* _What the exercise asks_
Among the records that follow, find each line holding the word "COMPLIANT" and copy it.

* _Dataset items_
========================
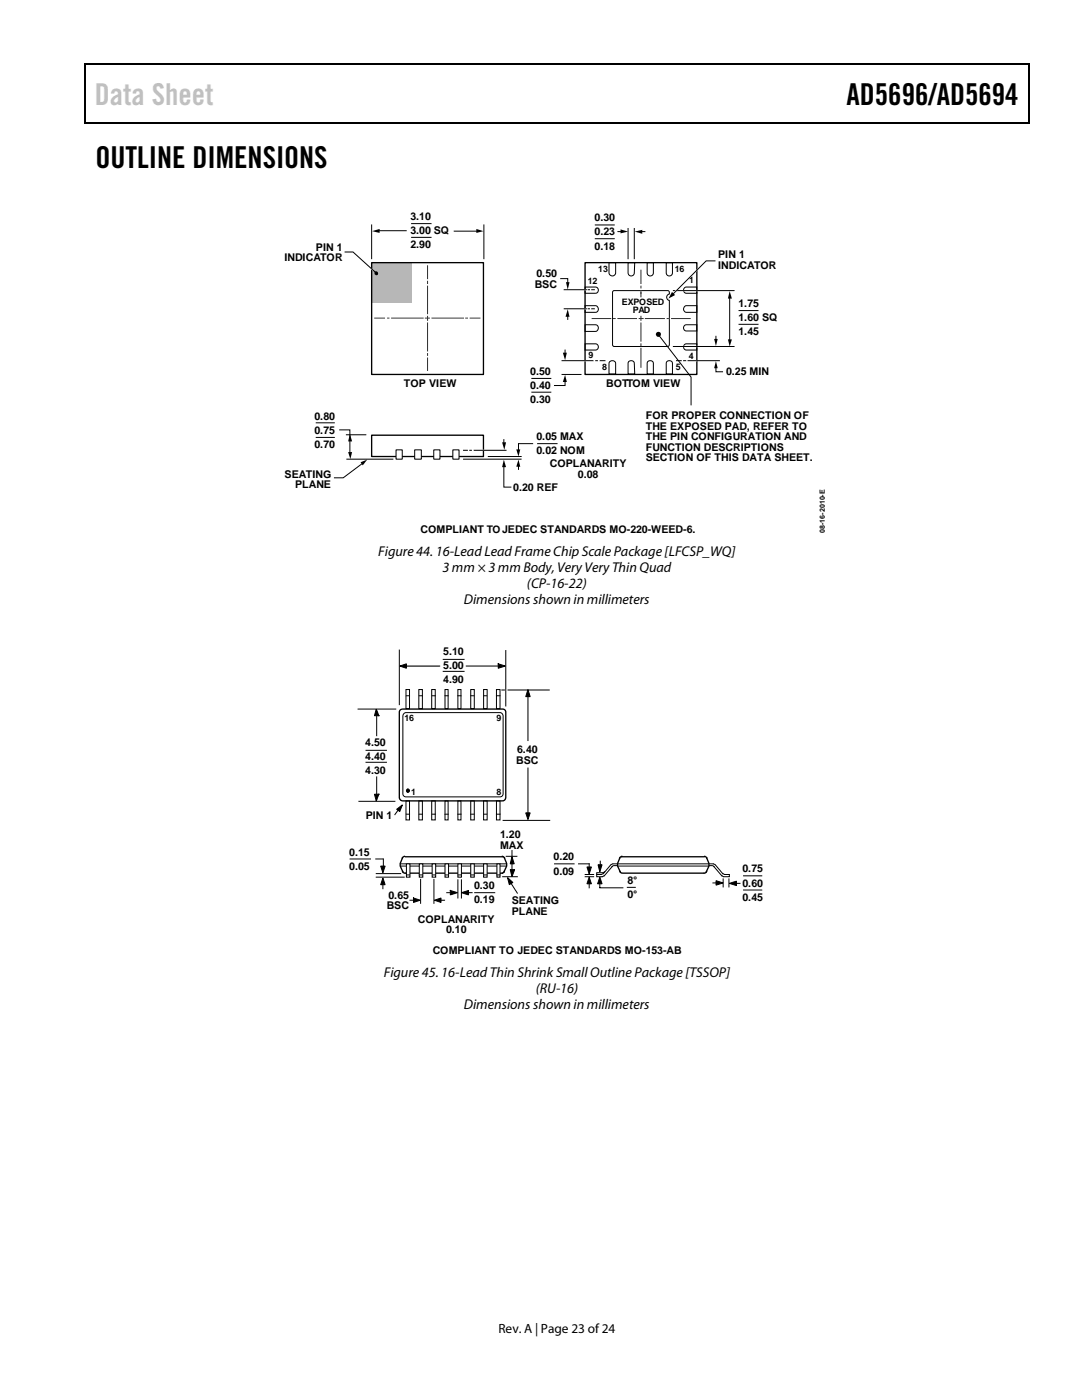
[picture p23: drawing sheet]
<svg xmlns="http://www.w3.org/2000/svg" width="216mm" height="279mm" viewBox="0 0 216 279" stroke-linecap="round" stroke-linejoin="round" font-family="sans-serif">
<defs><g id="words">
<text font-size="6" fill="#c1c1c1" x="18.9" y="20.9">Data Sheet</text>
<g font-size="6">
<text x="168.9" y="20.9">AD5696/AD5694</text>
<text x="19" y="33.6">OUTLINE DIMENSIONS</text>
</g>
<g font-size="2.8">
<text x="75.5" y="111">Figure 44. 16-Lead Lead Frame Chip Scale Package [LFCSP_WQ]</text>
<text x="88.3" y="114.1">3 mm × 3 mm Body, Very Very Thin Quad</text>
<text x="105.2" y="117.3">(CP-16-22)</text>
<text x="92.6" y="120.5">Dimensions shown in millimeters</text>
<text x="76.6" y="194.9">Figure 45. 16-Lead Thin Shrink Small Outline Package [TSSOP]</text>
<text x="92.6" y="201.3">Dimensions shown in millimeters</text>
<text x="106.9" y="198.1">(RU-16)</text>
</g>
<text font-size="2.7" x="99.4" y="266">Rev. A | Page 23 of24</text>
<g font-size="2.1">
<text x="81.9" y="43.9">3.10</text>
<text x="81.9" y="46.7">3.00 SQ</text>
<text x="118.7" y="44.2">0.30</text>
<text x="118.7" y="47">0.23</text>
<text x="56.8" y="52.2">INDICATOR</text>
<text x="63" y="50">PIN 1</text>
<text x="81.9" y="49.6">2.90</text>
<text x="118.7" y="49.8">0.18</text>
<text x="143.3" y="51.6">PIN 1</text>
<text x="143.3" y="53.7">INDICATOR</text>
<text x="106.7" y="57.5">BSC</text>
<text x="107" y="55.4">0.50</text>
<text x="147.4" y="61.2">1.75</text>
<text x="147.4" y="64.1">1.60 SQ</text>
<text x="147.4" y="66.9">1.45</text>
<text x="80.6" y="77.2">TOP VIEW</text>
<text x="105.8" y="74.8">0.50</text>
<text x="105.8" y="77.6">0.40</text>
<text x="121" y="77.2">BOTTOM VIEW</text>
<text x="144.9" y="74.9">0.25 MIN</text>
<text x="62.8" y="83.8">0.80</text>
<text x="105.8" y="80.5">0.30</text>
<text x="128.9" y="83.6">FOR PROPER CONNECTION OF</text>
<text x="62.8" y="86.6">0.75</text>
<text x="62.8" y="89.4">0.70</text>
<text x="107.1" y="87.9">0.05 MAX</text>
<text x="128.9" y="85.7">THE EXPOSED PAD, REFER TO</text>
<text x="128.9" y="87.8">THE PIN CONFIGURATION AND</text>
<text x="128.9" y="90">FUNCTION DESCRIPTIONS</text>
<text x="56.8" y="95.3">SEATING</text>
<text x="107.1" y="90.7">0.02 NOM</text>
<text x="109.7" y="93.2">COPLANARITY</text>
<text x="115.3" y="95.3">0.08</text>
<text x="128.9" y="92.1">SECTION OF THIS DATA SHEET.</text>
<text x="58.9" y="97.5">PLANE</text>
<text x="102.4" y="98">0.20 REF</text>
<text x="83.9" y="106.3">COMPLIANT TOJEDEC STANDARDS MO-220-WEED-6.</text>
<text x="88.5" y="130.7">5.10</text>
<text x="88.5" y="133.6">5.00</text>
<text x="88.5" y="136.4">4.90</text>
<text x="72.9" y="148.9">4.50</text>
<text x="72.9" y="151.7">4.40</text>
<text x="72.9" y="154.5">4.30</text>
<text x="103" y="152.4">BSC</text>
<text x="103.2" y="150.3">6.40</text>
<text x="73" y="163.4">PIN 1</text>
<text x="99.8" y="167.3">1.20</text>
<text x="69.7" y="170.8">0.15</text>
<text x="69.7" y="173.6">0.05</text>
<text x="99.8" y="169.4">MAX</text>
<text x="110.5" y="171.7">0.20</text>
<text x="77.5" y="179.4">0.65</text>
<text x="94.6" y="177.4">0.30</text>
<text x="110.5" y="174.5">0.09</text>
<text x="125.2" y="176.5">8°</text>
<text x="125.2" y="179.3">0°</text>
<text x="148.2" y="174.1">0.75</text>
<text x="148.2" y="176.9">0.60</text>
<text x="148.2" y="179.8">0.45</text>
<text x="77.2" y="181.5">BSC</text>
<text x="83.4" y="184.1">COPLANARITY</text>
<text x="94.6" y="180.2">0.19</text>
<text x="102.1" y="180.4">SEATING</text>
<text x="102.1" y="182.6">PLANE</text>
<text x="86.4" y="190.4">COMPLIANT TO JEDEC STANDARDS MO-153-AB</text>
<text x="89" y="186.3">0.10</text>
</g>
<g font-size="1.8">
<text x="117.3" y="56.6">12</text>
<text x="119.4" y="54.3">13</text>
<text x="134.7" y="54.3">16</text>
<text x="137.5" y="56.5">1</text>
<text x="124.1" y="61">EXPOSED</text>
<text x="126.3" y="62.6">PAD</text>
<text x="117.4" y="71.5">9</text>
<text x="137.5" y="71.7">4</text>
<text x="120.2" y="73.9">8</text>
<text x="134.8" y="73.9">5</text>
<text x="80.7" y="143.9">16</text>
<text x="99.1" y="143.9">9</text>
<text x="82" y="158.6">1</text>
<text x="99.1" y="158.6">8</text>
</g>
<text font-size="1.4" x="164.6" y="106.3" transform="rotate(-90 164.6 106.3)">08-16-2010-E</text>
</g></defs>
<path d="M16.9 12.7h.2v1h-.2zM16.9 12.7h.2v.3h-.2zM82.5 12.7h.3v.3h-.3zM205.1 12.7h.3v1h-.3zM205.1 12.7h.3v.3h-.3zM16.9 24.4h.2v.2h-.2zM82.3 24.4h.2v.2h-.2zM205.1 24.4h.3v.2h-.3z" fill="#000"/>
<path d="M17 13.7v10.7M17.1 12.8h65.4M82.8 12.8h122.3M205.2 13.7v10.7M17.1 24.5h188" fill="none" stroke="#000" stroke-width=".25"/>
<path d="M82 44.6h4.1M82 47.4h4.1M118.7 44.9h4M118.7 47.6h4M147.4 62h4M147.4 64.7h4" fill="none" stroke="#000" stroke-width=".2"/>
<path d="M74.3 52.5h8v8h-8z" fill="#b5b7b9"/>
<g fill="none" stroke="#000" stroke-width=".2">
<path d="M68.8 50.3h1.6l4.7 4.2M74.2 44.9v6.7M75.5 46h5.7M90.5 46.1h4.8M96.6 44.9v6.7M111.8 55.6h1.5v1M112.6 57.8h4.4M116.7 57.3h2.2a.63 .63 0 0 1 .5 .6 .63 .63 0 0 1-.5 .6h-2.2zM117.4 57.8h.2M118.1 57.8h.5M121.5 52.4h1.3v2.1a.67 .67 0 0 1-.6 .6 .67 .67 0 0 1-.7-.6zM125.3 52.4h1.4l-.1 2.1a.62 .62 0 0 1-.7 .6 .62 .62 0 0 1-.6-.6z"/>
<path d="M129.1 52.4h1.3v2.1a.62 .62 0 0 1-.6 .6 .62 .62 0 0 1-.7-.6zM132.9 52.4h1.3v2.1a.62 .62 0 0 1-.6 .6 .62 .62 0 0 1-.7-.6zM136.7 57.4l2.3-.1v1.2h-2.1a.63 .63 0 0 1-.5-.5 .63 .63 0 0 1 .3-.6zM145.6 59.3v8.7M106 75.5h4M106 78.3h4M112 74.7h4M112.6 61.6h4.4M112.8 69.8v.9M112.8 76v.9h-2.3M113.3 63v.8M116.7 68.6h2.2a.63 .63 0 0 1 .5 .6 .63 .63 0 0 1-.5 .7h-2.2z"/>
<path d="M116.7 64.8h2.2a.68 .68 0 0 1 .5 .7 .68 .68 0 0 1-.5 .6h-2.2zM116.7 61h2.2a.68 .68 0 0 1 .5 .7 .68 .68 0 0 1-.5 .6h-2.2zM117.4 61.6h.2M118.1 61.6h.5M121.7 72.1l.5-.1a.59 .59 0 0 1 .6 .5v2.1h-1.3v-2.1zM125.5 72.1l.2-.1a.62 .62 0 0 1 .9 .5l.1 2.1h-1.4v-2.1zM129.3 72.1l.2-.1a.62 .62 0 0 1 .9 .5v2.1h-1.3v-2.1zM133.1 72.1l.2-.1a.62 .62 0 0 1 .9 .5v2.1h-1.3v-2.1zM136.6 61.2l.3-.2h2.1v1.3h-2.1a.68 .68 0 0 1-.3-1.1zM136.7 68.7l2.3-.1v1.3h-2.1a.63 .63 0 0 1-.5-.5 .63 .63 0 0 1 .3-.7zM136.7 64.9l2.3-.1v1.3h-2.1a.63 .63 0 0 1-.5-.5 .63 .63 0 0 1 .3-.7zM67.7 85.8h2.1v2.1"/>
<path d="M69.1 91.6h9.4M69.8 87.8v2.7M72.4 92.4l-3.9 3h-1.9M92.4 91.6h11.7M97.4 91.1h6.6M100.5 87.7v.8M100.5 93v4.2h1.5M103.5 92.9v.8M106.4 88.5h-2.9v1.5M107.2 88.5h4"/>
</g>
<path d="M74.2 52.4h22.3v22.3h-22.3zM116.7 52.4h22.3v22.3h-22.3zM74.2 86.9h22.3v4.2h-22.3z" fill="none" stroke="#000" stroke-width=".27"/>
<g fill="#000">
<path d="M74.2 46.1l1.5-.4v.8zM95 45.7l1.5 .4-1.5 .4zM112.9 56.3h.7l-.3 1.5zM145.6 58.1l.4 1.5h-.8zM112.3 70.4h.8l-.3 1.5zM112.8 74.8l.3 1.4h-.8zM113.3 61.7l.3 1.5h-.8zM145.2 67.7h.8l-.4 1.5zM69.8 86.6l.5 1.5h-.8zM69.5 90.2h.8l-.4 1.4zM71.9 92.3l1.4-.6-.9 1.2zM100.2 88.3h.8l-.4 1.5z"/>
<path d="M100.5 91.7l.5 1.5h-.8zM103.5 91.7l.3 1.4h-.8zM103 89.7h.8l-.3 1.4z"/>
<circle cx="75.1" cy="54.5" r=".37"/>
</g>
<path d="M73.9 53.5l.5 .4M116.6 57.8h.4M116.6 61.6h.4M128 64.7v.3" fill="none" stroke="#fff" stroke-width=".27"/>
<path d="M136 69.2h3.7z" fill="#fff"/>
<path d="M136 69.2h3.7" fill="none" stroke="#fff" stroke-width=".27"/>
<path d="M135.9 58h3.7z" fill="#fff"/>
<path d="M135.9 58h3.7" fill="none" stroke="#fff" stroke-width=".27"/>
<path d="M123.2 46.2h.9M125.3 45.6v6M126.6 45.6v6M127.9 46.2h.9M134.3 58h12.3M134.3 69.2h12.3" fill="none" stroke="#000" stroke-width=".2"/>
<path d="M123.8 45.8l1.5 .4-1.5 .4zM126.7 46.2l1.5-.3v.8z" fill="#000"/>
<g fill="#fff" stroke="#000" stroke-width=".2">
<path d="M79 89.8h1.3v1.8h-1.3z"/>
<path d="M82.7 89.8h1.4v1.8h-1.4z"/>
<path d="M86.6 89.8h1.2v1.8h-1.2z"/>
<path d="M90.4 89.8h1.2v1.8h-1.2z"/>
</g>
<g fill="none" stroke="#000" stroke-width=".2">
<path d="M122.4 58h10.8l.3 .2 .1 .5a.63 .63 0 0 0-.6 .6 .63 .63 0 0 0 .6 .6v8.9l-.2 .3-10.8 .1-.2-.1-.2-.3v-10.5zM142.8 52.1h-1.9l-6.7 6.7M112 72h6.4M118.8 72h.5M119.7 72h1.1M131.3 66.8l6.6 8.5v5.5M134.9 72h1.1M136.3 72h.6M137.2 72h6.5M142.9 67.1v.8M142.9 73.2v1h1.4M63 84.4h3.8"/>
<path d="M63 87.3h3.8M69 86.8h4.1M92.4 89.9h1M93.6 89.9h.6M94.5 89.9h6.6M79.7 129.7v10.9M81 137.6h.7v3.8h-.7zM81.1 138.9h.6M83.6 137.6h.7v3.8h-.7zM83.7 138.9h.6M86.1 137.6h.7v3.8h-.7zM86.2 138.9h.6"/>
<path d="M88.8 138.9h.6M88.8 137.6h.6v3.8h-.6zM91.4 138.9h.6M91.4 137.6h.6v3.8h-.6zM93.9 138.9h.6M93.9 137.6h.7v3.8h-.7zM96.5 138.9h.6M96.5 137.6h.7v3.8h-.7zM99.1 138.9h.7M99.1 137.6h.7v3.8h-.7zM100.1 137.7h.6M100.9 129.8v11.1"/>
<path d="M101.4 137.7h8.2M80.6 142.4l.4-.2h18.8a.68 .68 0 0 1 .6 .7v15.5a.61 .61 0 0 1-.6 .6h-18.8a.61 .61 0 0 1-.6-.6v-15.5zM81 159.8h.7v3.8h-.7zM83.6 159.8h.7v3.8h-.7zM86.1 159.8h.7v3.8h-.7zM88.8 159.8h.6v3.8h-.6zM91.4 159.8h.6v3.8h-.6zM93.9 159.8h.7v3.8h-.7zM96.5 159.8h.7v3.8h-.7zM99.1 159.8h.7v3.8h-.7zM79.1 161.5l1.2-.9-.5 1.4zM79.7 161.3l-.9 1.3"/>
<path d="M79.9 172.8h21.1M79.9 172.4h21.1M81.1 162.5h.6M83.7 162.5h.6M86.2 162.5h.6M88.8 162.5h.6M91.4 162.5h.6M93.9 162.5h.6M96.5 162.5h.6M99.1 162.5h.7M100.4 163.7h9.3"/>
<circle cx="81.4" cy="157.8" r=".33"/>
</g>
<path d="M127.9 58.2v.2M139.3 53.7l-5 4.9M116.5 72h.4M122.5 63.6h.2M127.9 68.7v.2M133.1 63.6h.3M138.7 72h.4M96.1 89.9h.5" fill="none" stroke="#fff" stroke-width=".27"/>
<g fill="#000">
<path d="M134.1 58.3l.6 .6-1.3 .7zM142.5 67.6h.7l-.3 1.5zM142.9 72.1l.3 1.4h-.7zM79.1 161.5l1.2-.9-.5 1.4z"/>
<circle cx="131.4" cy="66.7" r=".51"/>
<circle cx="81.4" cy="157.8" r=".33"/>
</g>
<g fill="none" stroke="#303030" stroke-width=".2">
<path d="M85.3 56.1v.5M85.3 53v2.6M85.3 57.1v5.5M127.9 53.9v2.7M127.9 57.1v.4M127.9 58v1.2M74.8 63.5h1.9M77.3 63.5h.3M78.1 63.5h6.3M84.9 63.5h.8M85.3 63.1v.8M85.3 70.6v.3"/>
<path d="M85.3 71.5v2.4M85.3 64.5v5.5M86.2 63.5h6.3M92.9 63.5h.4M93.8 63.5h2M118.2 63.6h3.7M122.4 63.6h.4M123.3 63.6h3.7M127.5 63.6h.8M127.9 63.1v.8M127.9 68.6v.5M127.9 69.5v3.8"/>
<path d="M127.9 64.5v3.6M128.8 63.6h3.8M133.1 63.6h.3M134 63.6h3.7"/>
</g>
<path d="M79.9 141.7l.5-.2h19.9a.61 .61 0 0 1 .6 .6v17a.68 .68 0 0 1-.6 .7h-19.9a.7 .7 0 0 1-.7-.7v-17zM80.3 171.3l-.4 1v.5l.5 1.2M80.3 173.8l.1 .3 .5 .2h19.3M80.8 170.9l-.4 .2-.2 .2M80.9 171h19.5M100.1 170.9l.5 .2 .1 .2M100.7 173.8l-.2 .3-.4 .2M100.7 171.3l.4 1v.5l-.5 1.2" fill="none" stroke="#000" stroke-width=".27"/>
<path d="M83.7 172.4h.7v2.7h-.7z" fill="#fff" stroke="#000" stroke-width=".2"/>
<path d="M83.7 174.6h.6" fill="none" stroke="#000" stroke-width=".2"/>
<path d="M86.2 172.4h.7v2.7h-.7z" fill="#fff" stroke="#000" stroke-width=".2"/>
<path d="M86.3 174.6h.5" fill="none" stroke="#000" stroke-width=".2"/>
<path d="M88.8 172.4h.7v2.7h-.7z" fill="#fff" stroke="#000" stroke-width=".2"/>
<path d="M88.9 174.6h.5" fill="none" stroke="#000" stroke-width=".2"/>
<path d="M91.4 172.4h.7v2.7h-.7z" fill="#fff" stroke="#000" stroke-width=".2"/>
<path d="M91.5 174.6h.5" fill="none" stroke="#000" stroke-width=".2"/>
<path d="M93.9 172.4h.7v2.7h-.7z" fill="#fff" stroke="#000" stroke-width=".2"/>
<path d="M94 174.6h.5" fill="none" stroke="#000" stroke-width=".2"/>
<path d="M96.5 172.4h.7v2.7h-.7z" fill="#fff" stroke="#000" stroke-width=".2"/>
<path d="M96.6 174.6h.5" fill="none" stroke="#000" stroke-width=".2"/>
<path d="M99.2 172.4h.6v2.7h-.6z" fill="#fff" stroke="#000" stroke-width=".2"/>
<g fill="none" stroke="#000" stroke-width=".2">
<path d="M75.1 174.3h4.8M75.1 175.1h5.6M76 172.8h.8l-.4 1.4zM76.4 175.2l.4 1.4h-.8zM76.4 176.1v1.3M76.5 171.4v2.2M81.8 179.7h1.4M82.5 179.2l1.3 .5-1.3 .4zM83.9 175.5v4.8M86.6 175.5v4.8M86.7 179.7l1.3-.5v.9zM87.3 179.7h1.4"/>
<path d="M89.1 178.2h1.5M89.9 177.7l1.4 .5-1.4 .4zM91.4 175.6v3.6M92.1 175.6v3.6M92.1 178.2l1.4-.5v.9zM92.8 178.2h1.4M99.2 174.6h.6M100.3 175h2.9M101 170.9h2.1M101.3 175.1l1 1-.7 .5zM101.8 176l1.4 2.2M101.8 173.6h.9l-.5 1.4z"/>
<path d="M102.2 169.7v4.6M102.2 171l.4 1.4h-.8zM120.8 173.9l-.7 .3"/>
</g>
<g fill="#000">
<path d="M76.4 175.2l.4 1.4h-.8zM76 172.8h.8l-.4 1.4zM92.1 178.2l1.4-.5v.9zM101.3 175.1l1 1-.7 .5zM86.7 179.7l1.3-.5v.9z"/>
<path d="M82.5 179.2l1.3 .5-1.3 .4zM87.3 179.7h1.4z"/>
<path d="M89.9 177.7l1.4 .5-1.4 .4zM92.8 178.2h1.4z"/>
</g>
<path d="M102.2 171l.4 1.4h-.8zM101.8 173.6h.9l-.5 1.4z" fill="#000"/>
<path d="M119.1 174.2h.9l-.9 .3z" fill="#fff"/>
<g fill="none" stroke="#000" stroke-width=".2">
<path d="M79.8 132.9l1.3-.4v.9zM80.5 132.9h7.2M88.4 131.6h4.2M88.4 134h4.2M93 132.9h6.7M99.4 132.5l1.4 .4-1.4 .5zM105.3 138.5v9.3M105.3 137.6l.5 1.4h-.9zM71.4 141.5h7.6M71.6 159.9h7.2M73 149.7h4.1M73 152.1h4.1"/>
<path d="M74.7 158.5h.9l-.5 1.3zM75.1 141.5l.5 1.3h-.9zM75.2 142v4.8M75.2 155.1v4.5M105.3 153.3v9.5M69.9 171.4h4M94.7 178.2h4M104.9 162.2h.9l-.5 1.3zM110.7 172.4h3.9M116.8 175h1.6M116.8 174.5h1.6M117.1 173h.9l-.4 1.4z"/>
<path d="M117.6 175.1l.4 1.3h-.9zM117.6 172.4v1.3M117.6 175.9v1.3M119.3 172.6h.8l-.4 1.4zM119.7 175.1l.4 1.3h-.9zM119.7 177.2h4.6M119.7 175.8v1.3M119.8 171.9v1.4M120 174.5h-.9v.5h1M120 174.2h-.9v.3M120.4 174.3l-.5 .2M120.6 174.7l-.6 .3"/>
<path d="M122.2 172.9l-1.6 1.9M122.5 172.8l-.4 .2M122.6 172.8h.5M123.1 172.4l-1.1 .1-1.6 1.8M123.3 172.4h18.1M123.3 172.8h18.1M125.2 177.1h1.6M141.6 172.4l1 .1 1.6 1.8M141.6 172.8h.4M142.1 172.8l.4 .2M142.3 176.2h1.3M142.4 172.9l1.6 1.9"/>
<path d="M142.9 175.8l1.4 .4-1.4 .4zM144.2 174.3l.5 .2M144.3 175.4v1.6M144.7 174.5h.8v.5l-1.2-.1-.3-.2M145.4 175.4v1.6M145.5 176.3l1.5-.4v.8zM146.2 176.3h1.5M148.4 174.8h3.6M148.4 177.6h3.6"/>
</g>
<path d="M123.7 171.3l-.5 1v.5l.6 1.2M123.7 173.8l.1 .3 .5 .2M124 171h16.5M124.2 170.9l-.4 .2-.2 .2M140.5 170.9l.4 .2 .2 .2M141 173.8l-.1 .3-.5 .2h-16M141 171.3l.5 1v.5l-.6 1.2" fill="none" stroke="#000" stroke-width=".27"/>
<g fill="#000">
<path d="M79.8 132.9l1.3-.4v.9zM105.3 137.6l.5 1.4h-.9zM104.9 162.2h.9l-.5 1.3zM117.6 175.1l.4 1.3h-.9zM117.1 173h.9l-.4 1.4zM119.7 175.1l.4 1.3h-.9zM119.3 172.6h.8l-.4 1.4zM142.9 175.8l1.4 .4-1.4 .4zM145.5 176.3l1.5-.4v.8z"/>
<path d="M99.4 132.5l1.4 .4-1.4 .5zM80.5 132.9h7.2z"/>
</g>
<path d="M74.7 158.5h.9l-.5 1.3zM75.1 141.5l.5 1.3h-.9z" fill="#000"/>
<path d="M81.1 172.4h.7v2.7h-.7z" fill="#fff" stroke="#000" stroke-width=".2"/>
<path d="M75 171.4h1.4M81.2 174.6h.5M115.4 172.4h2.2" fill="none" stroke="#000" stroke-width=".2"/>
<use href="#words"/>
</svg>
========================
* _Final answer_
<text x="83.9" y="106.3">COMPLIANT TOJEDEC STANDARDS MO-220-WEED-6.</text>
<text x="86.4" y="190.4">COMPLIANT TO JEDEC STANDARDS MO-153-AB</text>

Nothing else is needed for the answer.